The scheduling step determines whether compaction is necessary based on the configurable
CompactionTriggerStrategy. If deemed true, it generates a compaction plan and saves it to the Timeline as a
.compaction.requested action. Users can set the triggering threshold based on factors such as number of commits or elapsed time. If the criteria are met, a compaction plan generator will scan the table based on the
CompactionStrategy, which essentially controls which File Slices should be compacted, and produces
CompactionOperation for each File Slice to formulate a plan.
The execution step loads all the serialized
CompactionOperation from the plan and runs them in parallel. Depending on the presence of the Base File in the target File Slice, either
CreateHandle will be used to write the merged records in a new File Slice. Similar to a write process, a group of
WriteStatus will be returned, reporting statistics collected during the execution, and a
.commit action will be saved on the Timeline, marking the success of the compaction.
Compaction jobs can be quite resource-intensive due to the high write-amplification when re-writing Base Files. An experimental table service named Log Compaction2 was initially introduced in release 0.13.0 to address the write-amplification issue by only compacting Log Files into larger ones.
For incoming data, Hudi tables continually add File Slices to represent newer versions, taking more disk space. Cleaning is the table service designed to reclaim storage space by deleting old and unwanted versions. For detailed usage information, please refer to the documentation page.
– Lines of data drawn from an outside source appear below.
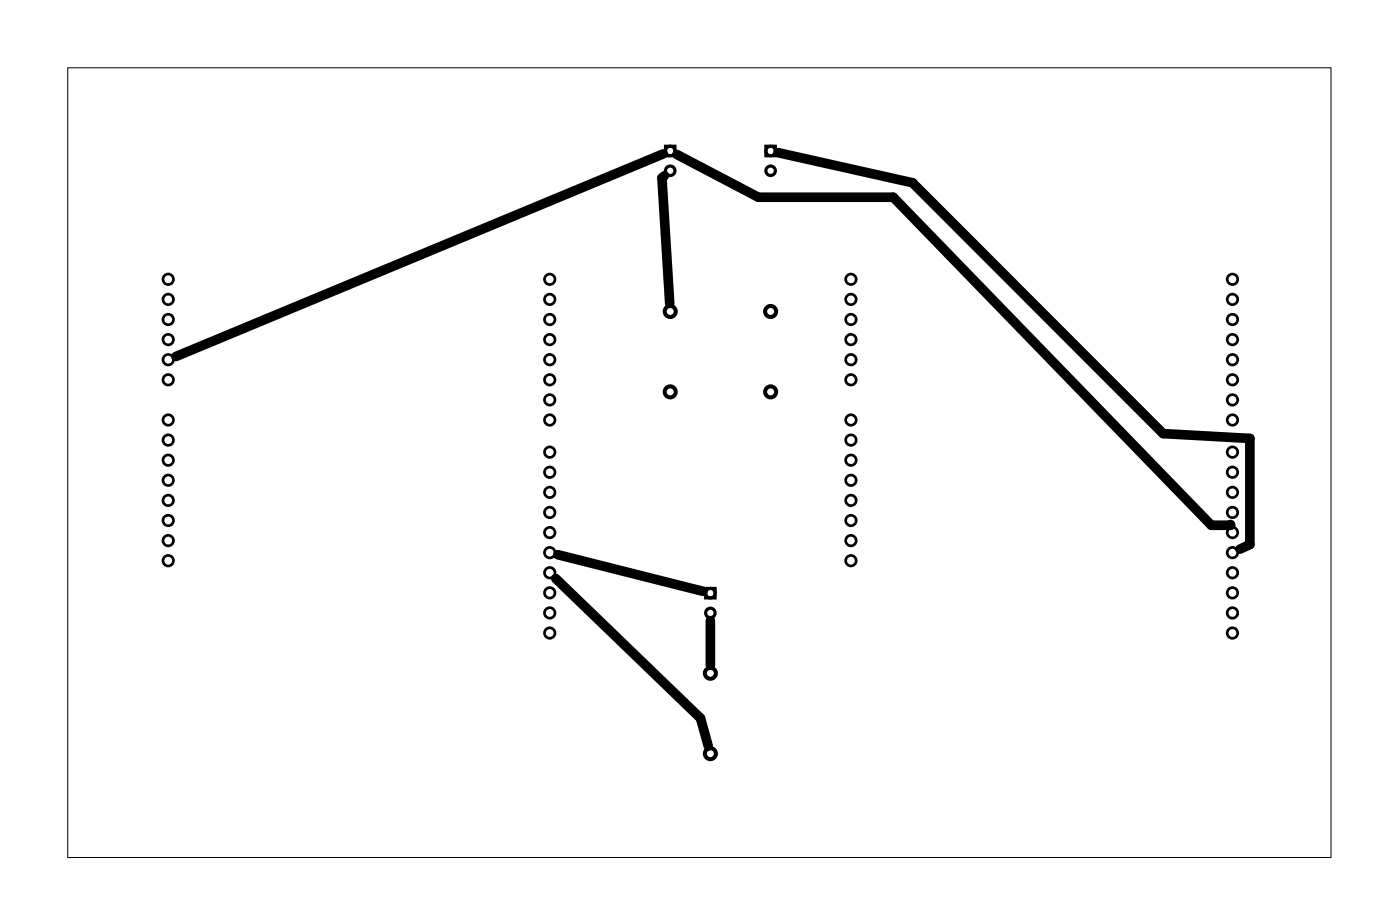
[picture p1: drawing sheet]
<svg xmlns="http://www.w3.org/2000/svg" width="177mm" height="117mm" viewBox="0 0 177 117" stroke-linecap="round" stroke-linejoin="round" font-family="sans-serif">
<path d="M8.6 8.6h159.8v99.8h-159.8z" fill="none" stroke="#000" stroke-width=".13"/>
<g fill="none" stroke="#000" stroke-width=".34">
<circle cx="21.3" cy="35.3" r=".66"/>
<circle cx="21.3" cy="37.8" r=".66"/>
<circle cx="69.5" cy="37.8" r=".66"/>
<circle cx="69.5" cy="35.3" r=".66"/>
<circle cx="107.6" cy="37.8" r=".66"/>
<circle cx="107.6" cy="35.3" r=".66"/>
<circle cx="155.9" cy="37.8" r=".66"/>
<circle cx="155.9" cy="35.3" r=".66"/>
<circle cx="21.3" cy="58.2" r=".66"/>
<circle cx="21.3" cy="55.6" r=".66"/>
<circle cx="21.3" cy="48" r=".66"/>
<circle cx="21.3" cy="53.1" r=".66"/>
<circle cx="21.3" cy="40.4" r=".66"/>
<circle cx="21.3" cy="42.9" r=".66"/>
<circle cx="21.3" cy="45.5" r=".66"/>
<circle cx="69.5" cy="57.1" r=".66"/>
<circle cx="69.5" cy="59.7" r=".66"/>
<circle cx="69.5" cy="53.1" r=".66"/>
<circle cx="69.5" cy="40.4" r=".66"/>
<circle cx="69.5" cy="42.9" r=".66"/>
<circle cx="69.5" cy="45.5" r=".66"/>
<circle cx="69.5" cy="50.5" r=".66"/>
<circle cx="69.5" cy="48" r=".66"/>
<circle cx="107.6" cy="45.5" r=".66"/>
<circle cx="107.6" cy="58.2" r=".66"/>
<circle cx="107.6" cy="55.6" r=".66"/>
<circle cx="107.6" cy="53.1" r=".66"/>
<circle cx="107.6" cy="42.9" r=".66"/>
<circle cx="107.6" cy="40.4" r=".66"/>
<circle cx="107.6" cy="48" r=".66"/>
<circle cx="155.9" cy="57.1" r=".66"/>
<circle cx="155.9" cy="59.7" r=".66"/>
<circle cx="155.9" cy="40.4" r=".66"/>
<circle cx="155.9" cy="42.9" r=".66"/>
<circle cx="155.9" cy="50.5" r=".66"/>
<circle cx="155.9" cy="48" r=".66"/>
<circle cx="155.9" cy="53.1" r=".66"/>
<circle cx="155.9" cy="45.5" r=".66"/>
<circle cx="21.3" cy="60.7" r=".66"/>
<circle cx="21.3" cy="68.3" r=".66"/>
<circle cx="21.3" cy="65.8" r=".66"/>
<circle cx="21.3" cy="63.2" r=".66"/>
<circle cx="21.3" cy="70.9" r=".66"/>
<circle cx="69.5" cy="62.2" r=".66"/>
<circle cx="69.5" cy="72.4" r=".66"/>
<circle cx="69.5" cy="69.8" r=".66"/>
<circle cx="69.5" cy="67.3" r=".66"/>
<circle cx="69.5" cy="74.9" r=".66"/>
<circle cx="69.5" cy="64.8" r=".66"/>
<circle cx="69.5" cy="77.5" r=".66"/>
<circle cx="107.6" cy="65.8" r=".66"/>
<circle cx="107.6" cy="60.7" r=".66"/>
<circle cx="107.6" cy="68.3" r=".66"/>
<circle cx="107.6" cy="63.2" r=".66"/>
<circle cx="107.6" cy="70.9" r=".66"/>
<circle cx="155.9" cy="62.2" r=".66"/>
<circle cx="155.9" cy="69.8" r=".66"/>
<circle cx="155.9" cy="74.9" r=".66"/>
<circle cx="155.9" cy="64.8" r=".66"/>
<circle cx="155.9" cy="72.4" r=".66"/>
<circle cx="155.9" cy="67.3" r=".66"/>
<circle cx="155.9" cy="77.5" r=".66"/>
<circle cx="69.5" cy="80" r=".66"/>
<circle cx="155.9" cy="80" r=".66"/>
</g>
<g fill="none" stroke="#000" stroke-width=".4">
<path d="M84.2 18.5h1.2v1.2h-1.2zM96.9 18.5h1.2v1.2h-1.2zM89.3 74.4h1.2v1.2h-1.2z"/>
<circle cx="84.8" cy="19.1" r=".6"/>
<circle cx="97.5" cy="19.1" r=".6"/>
<circle cx="84.8" cy="21.6" r=".6"/>
<circle cx="97.5" cy="21.6" r=".6"/>
<circle cx="89.9" cy="75" r=".6"/>
<circle cx="89.9" cy="77.5" r=".6"/>
</g>
<g fill="none" stroke="#000" stroke-width=".51">
<circle cx="84.8" cy="39.4" r=".7"/>
<circle cx="97.5" cy="39.4" r=".7"/>
<circle cx="84.8" cy="49.5" r=".7"/>
<circle cx="97.5" cy="49.5" r=".7"/>
<circle cx="89.9" cy="95.2" r=".7"/>
<circle cx="89.9" cy="85.1" r=".7"/>
</g>
<path d="M83.9 19.5l-61.6 25.6M85.6 19.5l10.3 5.4h17.1l40.2 41.5h2.5l-.1-.1M98.4 19.3l17 3.8 31.7 31.7 11 .6v13.4l-1.2 .6M84.1 22.2l-.4 .3 1 15.9M70.3 73.1l18.3 17.7 1 3.5M70.6 70.1l18.3 4.6M89.9 78.4v5.7" fill="none" stroke="#000" stroke-width="1.2"/>
</svg>

Similar to compaction, Hudi utilizes
CleaningTriggerStrategy to determine if cleaning is required at the time of scheduling. Currently, the only supported triggering criterion is the number of commits. After N commits (as configured), a cleaning planner will scan relevant partitions and determine if any File Slice meets the criteria for cleaning, as defined by
HoodieCleaningPolicy. Physical paths of either Base Files or Log Files from the eligible File Slices will be used to generate a group of
CleanFileInfo. A cleaning plan is then formulated based on that and saved into a
.clean.requested action. As of now, three cleaning policies are supported: clean-by-commits, clean-by-file-versions, and clean-by-hours.
The cleaning execution is relatively straightforward: after loading the plan and deserializing the
CleanFileInfo, the job performs file-system deletes for the target files in parallel. Statistics are initially collected at the partition level, and then aggregated and saved into a
.clean action, indicating the completion.
The indexing table service was first added in release 0.11.0 as an experimental feature. Currently, it is designed for building indexes for the metadata table. We will refrain from delving into the indexing process as it requires prior knowledge of the metadata table. Instead, I will provide a brief overview of the design. For further learnings, I recommend consulting the official documentation, this blog, and RFC-45.
In post 4, we mentioned an indexing API named
updateLocation() that is required by certain indexes to keep the indexing data in sync with the written data. From a table service perspective, we can view it as indexing running in inline mode, i.e., scheduled inline and executed inline. The current indexing service is considered as being in full-async mode. The metadata table can be seen as another index type that encompasses multiple indexes, also known as a multi-modal index. As the data table size grows, updating the metadata table inline with each write can be time-consuming. Therefore, we need the async table service to maintain high write-throughput while keeping the indexes up-to-date.
In this post, we introduced the concept of table service, delved into the detailed processes of compaction and cleaning, and briefly touched on indexing. Please feel free to share your feedback and suggest content in the comments section.
The on-going RFC-43 table service manager is designed to support this platform feature out-of-the-box.